Denny Harris had always relieved me of this pain-in-the-executive-butt part of the job. Denny was famous for listening to everybody's complaint, then promptly and forever doing nothing about it. Denny, out of laziness maybe, or maybe even out of real wisdom, believed that if you let things slide along enough they somehow took care of themselves.
I didn't have the stomach for that. My taint was to be combative, as several disappointed-looking people this morning would tell you.
During the last few complaints, my mind started to wander to the manila envelope I had in my car.
I was still in shock that the private detective I'd hired had turned out to be a blackmailer. Stokes made me feel naive- as if, for all my romantic disillusionment and bitterness, I were some kind of kid. Denny's murder had been shattering enough, but the idea that Stokes was going to feed on Denny vampire-like was even more mind-boggling than the murder.

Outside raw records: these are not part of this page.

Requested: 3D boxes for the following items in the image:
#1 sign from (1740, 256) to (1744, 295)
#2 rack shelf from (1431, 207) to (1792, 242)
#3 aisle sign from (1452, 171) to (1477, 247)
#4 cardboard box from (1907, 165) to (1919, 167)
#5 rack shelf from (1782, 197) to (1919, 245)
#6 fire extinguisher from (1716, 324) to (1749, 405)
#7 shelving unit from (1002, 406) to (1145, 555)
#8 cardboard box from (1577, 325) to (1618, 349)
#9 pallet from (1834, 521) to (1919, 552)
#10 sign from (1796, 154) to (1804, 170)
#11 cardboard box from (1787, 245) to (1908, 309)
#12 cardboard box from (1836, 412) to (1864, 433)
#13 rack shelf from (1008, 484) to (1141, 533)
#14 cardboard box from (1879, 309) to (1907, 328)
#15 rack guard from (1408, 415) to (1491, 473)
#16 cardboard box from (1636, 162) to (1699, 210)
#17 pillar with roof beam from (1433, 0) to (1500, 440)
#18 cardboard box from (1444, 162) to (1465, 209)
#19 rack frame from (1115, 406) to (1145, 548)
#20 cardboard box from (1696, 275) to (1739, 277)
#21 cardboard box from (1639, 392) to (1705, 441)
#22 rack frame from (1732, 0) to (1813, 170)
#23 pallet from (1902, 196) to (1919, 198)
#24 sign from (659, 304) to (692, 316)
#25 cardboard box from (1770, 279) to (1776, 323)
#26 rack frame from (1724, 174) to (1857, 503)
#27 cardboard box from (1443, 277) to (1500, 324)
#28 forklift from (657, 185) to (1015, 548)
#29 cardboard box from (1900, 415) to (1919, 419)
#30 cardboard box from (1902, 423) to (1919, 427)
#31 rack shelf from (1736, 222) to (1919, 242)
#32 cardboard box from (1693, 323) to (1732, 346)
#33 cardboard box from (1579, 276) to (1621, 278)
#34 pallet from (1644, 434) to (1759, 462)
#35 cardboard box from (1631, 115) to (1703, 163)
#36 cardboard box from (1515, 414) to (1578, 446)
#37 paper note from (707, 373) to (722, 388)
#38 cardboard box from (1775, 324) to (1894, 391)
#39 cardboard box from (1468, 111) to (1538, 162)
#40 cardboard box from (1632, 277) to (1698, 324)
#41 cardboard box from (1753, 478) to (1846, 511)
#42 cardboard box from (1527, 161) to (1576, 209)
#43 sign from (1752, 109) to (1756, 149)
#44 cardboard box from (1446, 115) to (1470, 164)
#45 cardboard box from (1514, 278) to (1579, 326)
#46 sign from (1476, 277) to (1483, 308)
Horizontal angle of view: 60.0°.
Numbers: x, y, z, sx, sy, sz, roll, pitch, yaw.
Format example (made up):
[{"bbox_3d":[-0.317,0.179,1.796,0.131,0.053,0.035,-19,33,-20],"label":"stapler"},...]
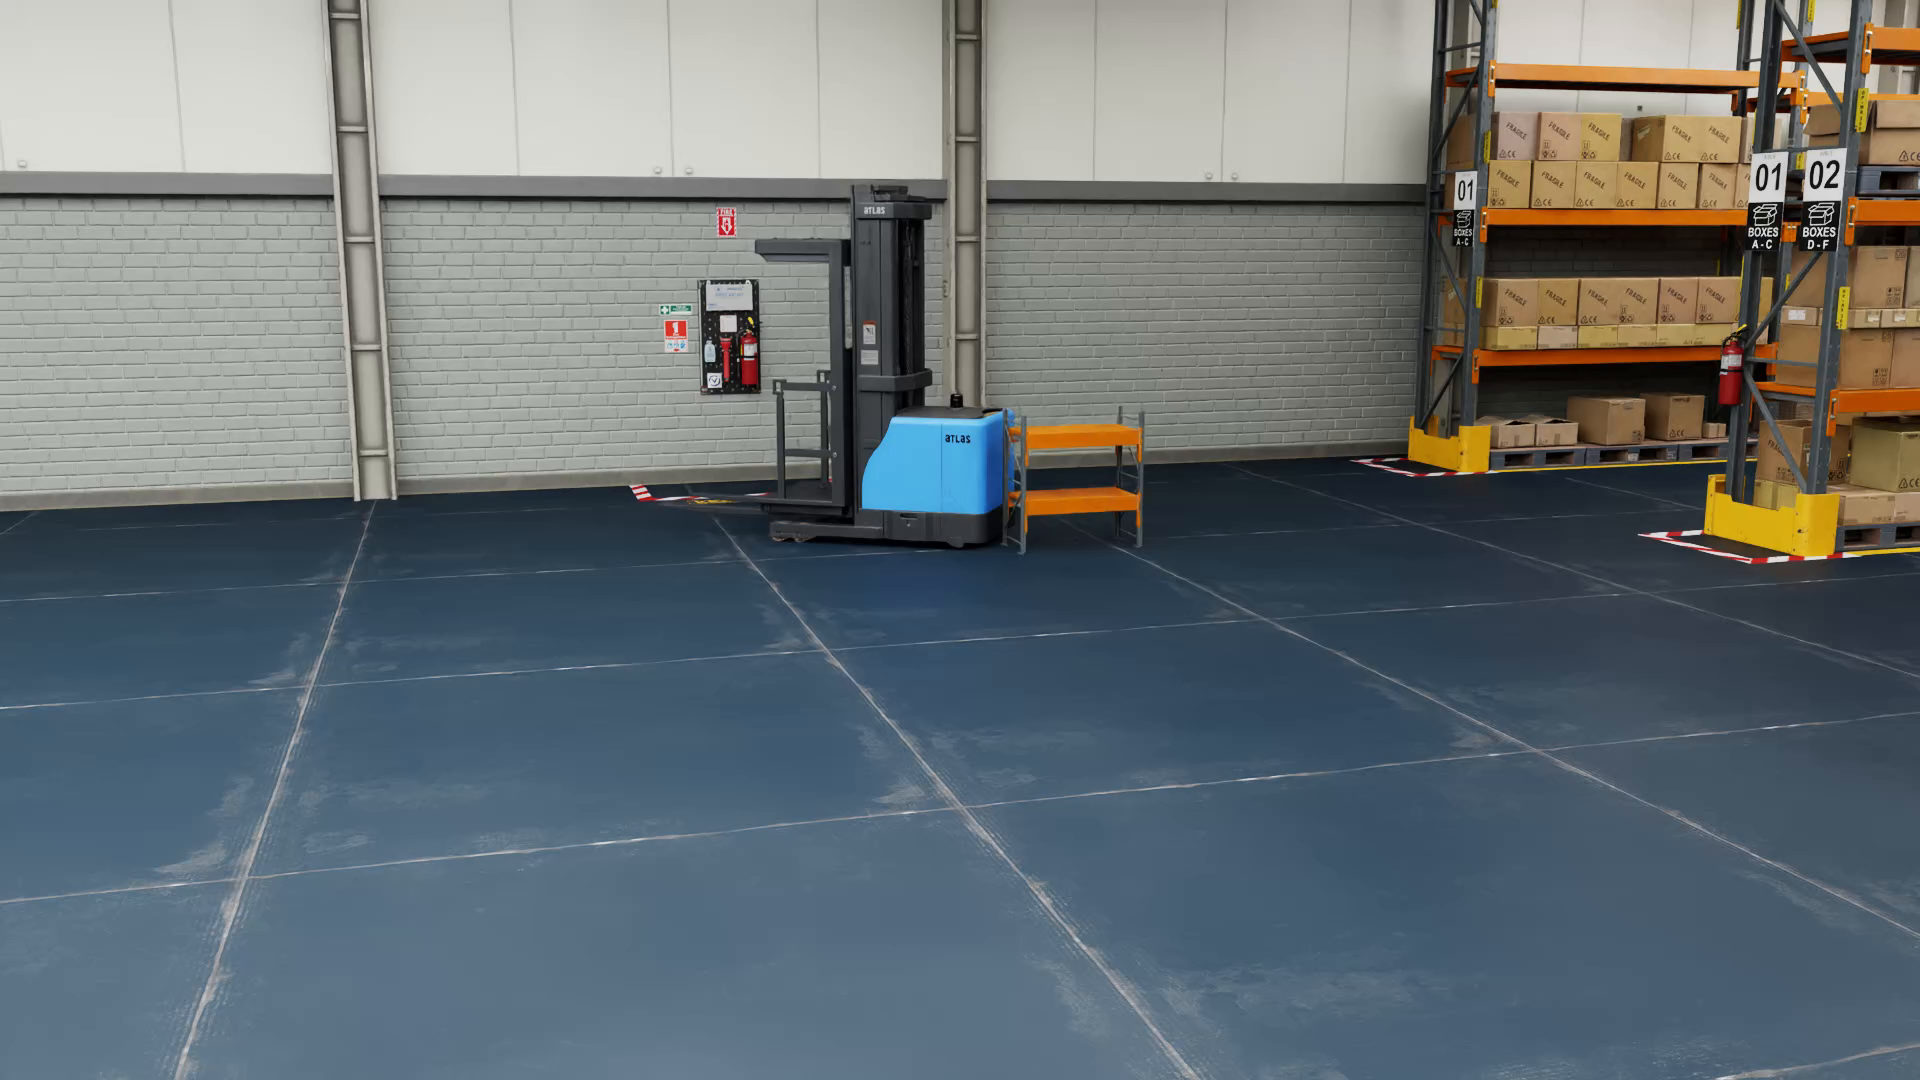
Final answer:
[{"bbox_3d":[6.626,-2.230,14.022,0.005,0.325,0.100,-3,11,-16],"label":"sign"},{"bbox_3d":[7.297,-3.532,18.652,4.000,0.370,1.077,-3,11,-16],"label":"rack shelf"},{"bbox_3d":[5.391,-3.533,17.770,0.004,0.787,0.394,-3,11,-16],"label":"aisle sign"},{"bbox_3d":[7.944,-3.105,13.489,0.250,0.149,0.380,-3,11,-16],"label":"cardboard box"},{"bbox_3d":[8.685,-2.672,13.975,4.000,0.370,1.077,-3,11,-16],"label":"rack shelf"},{"bbox_3d":[6.521,-1.486,14.045,0.183,0.674,0.296,-3,11,-16],"label":"fire extinguisher"},{"bbox_3d":[0.926,-0.505,13.684,1.048,1.125,0.538,-3,11,-17],"label":"shelving unit"},{"bbox_3d":[6.919,-2.269,18.445,0.500,0.250,0.500,-3,11,-17],"label":"cardboard box"},{"bbox_3d":[7.487,-0.124,14.134,1.213,0.211,1.003,-3,11,-16],"label":"pallet"},{"bbox_3d":[9.376,-4.148,18.580,0.005,0.325,0.100,-3,11,-16],"label":"sign"},{"bbox_3d":[7.267,-2.160,13.636,0.500,0.500,0.700,-3,11,-16],"label":"cardboard box"},{"bbox_3d":[10.401,-1.574,20.002,0.500,0.500,0.700,-3,11,-17],"label":"cardboard box"},{"bbox_3d":[0.926,-0.265,13.728,1.000,0.278,0.538,-3,11,-17],"label":"rack shelf"},{"bbox_3d":[7.454,-1.813,13.544,0.250,0.149,0.380,-3,11,-17],"label":"cardboard box"},{"bbox_3d":[5.449,-1.084,18.556,0.348,0.500,1.175,-3,11,-16],"label":"rack guard"},{"bbox_3d":[7.791,-3.920,18.438,0.500,0.500,0.500,-3,11,-18],"label":"cardboard box"},{"bbox_3d":[7.010,-4.698,14.710,0.400,9.000,9.100,-3,11,-16],"label":"pillar with roof beam"},{"bbox_3d":[5.706,-3.909,18.380,0.500,0.500,0.500,-2,11,-12],"label":"cardboard box"},{"bbox_3d":[1.412,-0.532,13.832,0.032,1.125,0.500,-3,11,-17],"label":"rack frame"},{"bbox_3d":[8.707,-2.830,19.420,0.500,0.500,0.500,-3,11,-17],"label":"cardboard box"},{"bbox_3d":[8.232,-1.440,19.272,0.500,0.500,0.500,-4,11,-20],"label":"cardboard box"},{"bbox_3d":[9.217,-5.463,18.865,0.127,3.000,1.000,-3,11,-16],"label":"rack frame"},{"bbox_3d":[8.624,-2.974,13.877,1.213,0.211,1.003,-3,11,-16],"label":"pallet"},{"bbox_3d":[-2.890,-2.340,16.912,0.331,0.109,0.001,-3,11,-16],"label":"sign"},{"bbox_3d":[9.715,-2.798,19.467,0.500,0.500,0.700,-3,11,-16],"label":"cardboard box"},{"bbox_3d":[6.765,-1.449,13.632,0.127,3.000,1.000,-3,11,-16],"label":"rack frame"},{"bbox_3d":[5.770,-2.676,18.583,0.500,0.500,0.500,-3,11,-17],"label":"cardboard box"},{"bbox_3d":[-1.096,-1.508,14.141,3.031,2.935,1.130,3,11,17],"label":"forklift"},{"bbox_3d":[8.633,-0.829,14.628,0.500,0.500,0.500,-3,11,-16],"label":"cardboard box"},{"bbox_3d":[8.298,-0.714,14.001,0.500,0.500,0.500,-3,11,-16],"label":"cardboard box"},{"bbox_3d":[11.137,-3.735,19.752,4.000,0.370,1.077,-3,11,-16],"label":"rack shelf"},{"bbox_3d":[8.366,-2.348,18.874,0.500,0.250,0.500,-3,11,-16],"label":"cardboard box"},{"bbox_3d":[7.234,-2.752,18.997,0.500,0.500,0.500,-3,11,-15],"label":"cardboard box"},{"bbox_3d":[8.582,-1.101,19.443,1.213,0.211,1.003,-3,11,-16],"label":"pallet"},{"bbox_3d":[7.790,-4.408,18.327,0.500,0.500,0.500,-3,11,-18],"label":"cardboard box"},{"bbox_3d":[6.613,-1.252,18.774,0.500,0.311,0.500,-2,11,-11],"label":"cardboard box"},{"bbox_3d":[-2.527,-1.643,17.122,0.142,0.148,0.016,-3,11,-16],"label":"paper note"},{"bbox_3d":[7.216,-1.519,13.739,0.500,0.500,0.700,-3,11,-16],"label":"cardboard box"},{"bbox_3d":[5.814,-4.313,17.812,0.500,0.500,0.500,-4,11,-20],"label":"cardboard box"},{"bbox_3d":[7.885,-2.690,18.659,0.500,0.500,0.500,-3,11,-18],"label":"cardboard box"},{"bbox_3d":[7.197,-0.382,14.269,0.500,0.250,0.500,-3,11,-16],"label":"cardboard box"},{"bbox_3d":[6.293,-3.839,17.996,0.500,0.500,0.500,-2,11,-12],"label":"cardboard box"},{"bbox_3d":[6.626,-3.416,13.804,0.005,0.325,0.100,-3,11,-16],"label":"sign"},{"bbox_3d":[5.717,-4.403,18.301,0.500,0.500,0.500,-3,11,-13],"label":"cardboard box"},{"bbox_3d":[6.396,-2.610,18.226,0.500,0.500,0.500,-3,11,-16],"label":"cardboard box"},{"bbox_3d":[5.528,-2.641,17.718,0.005,0.325,0.100,-3,11,-16],"label":"sign"}]

> Which, of course, turned the whole situation right back on me.
Despite the fact that I could tell the police that both the Traynors had been at the murder scene, I did nothing. I was going to save the account-run it up the flagpole and salute my ass off. Which is not the kind of self-image a guy-at least this guy-likes to have of himself. But it was the only way to keep on feeding my family.
The only hope I could see was the newspaper clipping I'd taken from Denny's desk. But I had no idea why he'd kept it-the chances were good that it had absolutely nothing to do with the murder.
***
This time Sarah Anders didn't scream. All Sarah managed to do, on hearing, was faint.
This time it was one of the women from the copy department who told me. A curt knock on my door moments after my last interviewee of the morning, then: "Mr. Ketchum."
"Yes?"
"You, uh, you better go to the screening room, Mr. Ketchum."
"What's wrong?"
"It's Mr. Gettig."
"What about him?"
"He's dead, Mr. Ketchum. He's dead.”
***
Gettig had been sitting in the darkened screening room looking at outtakes on a videotape machine. Because it was video instead of motion picture, he hadn't needed a projectionist. He'd been alone. Somebody had come in. Down the dark aisle. Apparently very quietly. Put something around his neck and pulled. Very, very hard. In the ugly harsh overhead light, Gettig's neck was a mess, black, blue, yellow, almost amber where blood had bruised along tendons.
He was also a mess in other ways. When you strangle somebody, you not only kill them, you make sure you've humiliated them for whoever has the misfortune to find them. The bowels, you know.
Somebody called the police and somebody else called an ambulance. I wanted to call my travel agent and go someplace. Fast. Far.
Ab Levin put a hand on my shoulder as I turned away from the corpse. He said, "Somebody must hate us, Michael."